We can see from the figure above that passengers with more siblings on the boat have a higher death rate. We can also see that passengers that paid a higher fare had a higher survival rate.

Are there different survival rates in different categories?

Speaking of survival rates, how did they differ across our categorical variables? We can get a sense of this by creating faceted stacked barplots for each variable. 

# set up the figure size
%matplotlib inline
plt.rcParams['figure.figsize'] = (20, 10)

# make subplots
fig, axes = plt.subplots(nrows = 2, ncols = 2)

# make the data read to feed into the visulizer
Sex_survived = data.replace({'Survived': {1: 'Survived', 0: 'Not-survived'}})[data['Survived']==1]['Sex'].value_counts()
Sex_not_survived = data.replace({'Survived': {1: 'Survived', 0: 'Not-survived'}})[data['Survived']==0]['Sex'].value_counts()
Sex_not_survived = Sex_not_survived.reindex(index = Sex_survived.index)
# make the bar plot
p1 = axes[0, 0].bar(Sex_survived.index, Sex_survived.values)
p2 = axes[0, 0].bar(Sex_not_survived.index, Sex_not_survived.values, bottom=Sex_survived.values)
axes[0, 0].set_title('Sex', fontsize=25)
axes[0, 0].set_ylabel('Counts', fontsize=20)
axes[0, 0].tick_params(axis='both', labelsize=15)
axes[0, 0].legend((p1[0], p2[0]), ('Survived', 'Not-survived'), fontsize = 15)

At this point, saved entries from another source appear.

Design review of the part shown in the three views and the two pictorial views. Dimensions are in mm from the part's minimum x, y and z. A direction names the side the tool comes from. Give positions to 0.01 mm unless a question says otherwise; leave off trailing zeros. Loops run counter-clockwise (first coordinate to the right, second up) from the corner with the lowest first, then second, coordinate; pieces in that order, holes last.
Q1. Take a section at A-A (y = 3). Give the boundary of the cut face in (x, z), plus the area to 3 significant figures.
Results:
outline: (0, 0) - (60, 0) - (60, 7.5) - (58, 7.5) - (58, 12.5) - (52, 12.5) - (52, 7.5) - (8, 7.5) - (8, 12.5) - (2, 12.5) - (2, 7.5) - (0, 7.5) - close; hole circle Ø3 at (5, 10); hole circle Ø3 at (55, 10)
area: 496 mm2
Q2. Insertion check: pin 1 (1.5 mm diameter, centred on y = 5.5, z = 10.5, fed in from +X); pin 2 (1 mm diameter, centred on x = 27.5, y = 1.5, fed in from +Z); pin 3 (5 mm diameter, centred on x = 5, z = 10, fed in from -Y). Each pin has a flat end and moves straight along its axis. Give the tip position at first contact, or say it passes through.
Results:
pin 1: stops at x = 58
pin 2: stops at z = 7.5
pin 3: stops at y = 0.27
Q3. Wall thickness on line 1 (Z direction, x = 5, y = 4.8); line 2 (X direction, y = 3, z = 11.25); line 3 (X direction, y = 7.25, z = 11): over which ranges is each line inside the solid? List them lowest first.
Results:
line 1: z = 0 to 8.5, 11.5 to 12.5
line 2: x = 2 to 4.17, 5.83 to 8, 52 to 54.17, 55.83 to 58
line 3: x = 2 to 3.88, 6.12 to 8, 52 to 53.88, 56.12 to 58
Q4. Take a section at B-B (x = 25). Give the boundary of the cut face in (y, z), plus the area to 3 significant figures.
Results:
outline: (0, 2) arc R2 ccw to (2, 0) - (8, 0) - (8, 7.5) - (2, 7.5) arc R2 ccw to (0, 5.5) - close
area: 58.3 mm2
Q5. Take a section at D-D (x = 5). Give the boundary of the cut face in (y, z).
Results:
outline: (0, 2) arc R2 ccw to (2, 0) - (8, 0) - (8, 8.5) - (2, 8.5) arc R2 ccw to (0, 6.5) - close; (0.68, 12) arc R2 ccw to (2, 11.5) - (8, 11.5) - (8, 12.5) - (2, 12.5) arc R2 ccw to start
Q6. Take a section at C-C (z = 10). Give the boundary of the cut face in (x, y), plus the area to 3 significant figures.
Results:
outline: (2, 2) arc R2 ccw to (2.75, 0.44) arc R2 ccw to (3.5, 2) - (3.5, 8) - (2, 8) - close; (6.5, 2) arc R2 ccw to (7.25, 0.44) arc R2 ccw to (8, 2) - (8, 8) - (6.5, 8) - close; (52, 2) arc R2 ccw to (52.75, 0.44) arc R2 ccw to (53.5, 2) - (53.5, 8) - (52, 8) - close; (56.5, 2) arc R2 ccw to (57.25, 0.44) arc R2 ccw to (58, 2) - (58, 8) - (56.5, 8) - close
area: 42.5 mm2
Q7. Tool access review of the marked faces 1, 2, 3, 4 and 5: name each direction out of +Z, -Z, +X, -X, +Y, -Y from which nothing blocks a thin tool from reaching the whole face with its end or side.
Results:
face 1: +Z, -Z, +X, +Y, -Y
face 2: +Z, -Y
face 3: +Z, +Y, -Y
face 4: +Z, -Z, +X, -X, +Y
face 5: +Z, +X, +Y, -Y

# make the data read to feed into the visulizer
Pclass_survived = data.replace({'Survived': {1: 'Survived', 0: 'Not-survived'}}).replace({'Pclass': {1: '1st', 2: '2nd', 3: '3rd'}})[data['Survived']==1]['Pclass'].value_counts()
Pclass_not_survived = data.replace({'Survived': {1: 'Survived', 0: 'Not-survived'}}).replace({'Pclass': {1: '1st', 2: '2nd', 3: '3rd'}})[data['Survived']==0]['Pclass'].value_counts()
Pclass_not_survived = Pclass_not_survived.reindex(index = Pclass_survived.index)
# make the bar plot
p3 = axes[0, 1].bar(Pclass_survived.index, Pclass_survived.values)
p4 = axes[0, 1].bar(Pclass_not_survived.index, Pclass_not_survived.values, bottom=Pclass_survived.values)
axes[0, 1].set_title('Pclass', fontsize=25)
axes[0, 1].set_ylabel('Counts', fontsize=20)
axes[0, 1].tick_params(axis='both', labelsize=15)
axes[0, 1].legend((p3[0], p4[0]), ('Survived', 'Not-survived'), fontsize = 15)

# make the data read to feed into the visulizer
Embarked_survived = data.replace({'Survived': {1: 'Survived', 0: 'Not-survived'}})[data['Survived']==1]['Embarked'].value_counts()
Embarked_not_survived = data.replace({'Survived': {1: 'Survived', 0: 'Not-survived'}})[data['Survived']==0]['Embarked'].value_counts()
Embarked_not_survived = Embarked_not_survived.reindex(index = Embarked_survived.index)
# make the bar plot
p5 = axes[1, 0].bar(Embarked_survived.index, Embarked_survived.values)
p6 = axes[1, 0].bar(Embarked_not_survived.index, Embarked_not_survived.values, bottom=Embarked_survived.values)
axes[1, 0].set_title('Embarked', fontsize=25)
axes[1, 0].set_ylabel('Counts', fontsize=20)
axes[1, 0].tick_params(axis='both', labelsize=15)
axes[1, 0].legend((p5[0], p6[0]), ('Survived', 'Not-survived'), fontsize = 15)

 District Data Labs,   data science companies near me, data science consulting services, data science consulting firms, how to use data to improve business, how to use google analytics data for business, how to use data to grow your business, how to use big data, companies using data science, benefits of data analytics in business, how do businesses use big data, how data science helps business, how data science is used in business, data driven decision making, how can data science help a business, how to use data analytics to grow your business, business value of data science, data science for small business, custom analytics consulting, data analytics consultancy, top analytics consulting firms, data analysis consulting, small business analytics consulting, analytics consulting companies, data monitoring services, automate manual processes, business process automation companies, corporate analytics training, predictive analytics, machine learning course, data analytics corporate training

As we can see from figures above, more females survived than men and the death rates in the 3rd ticket class and the embarkation from Southampton port are much higher than the others.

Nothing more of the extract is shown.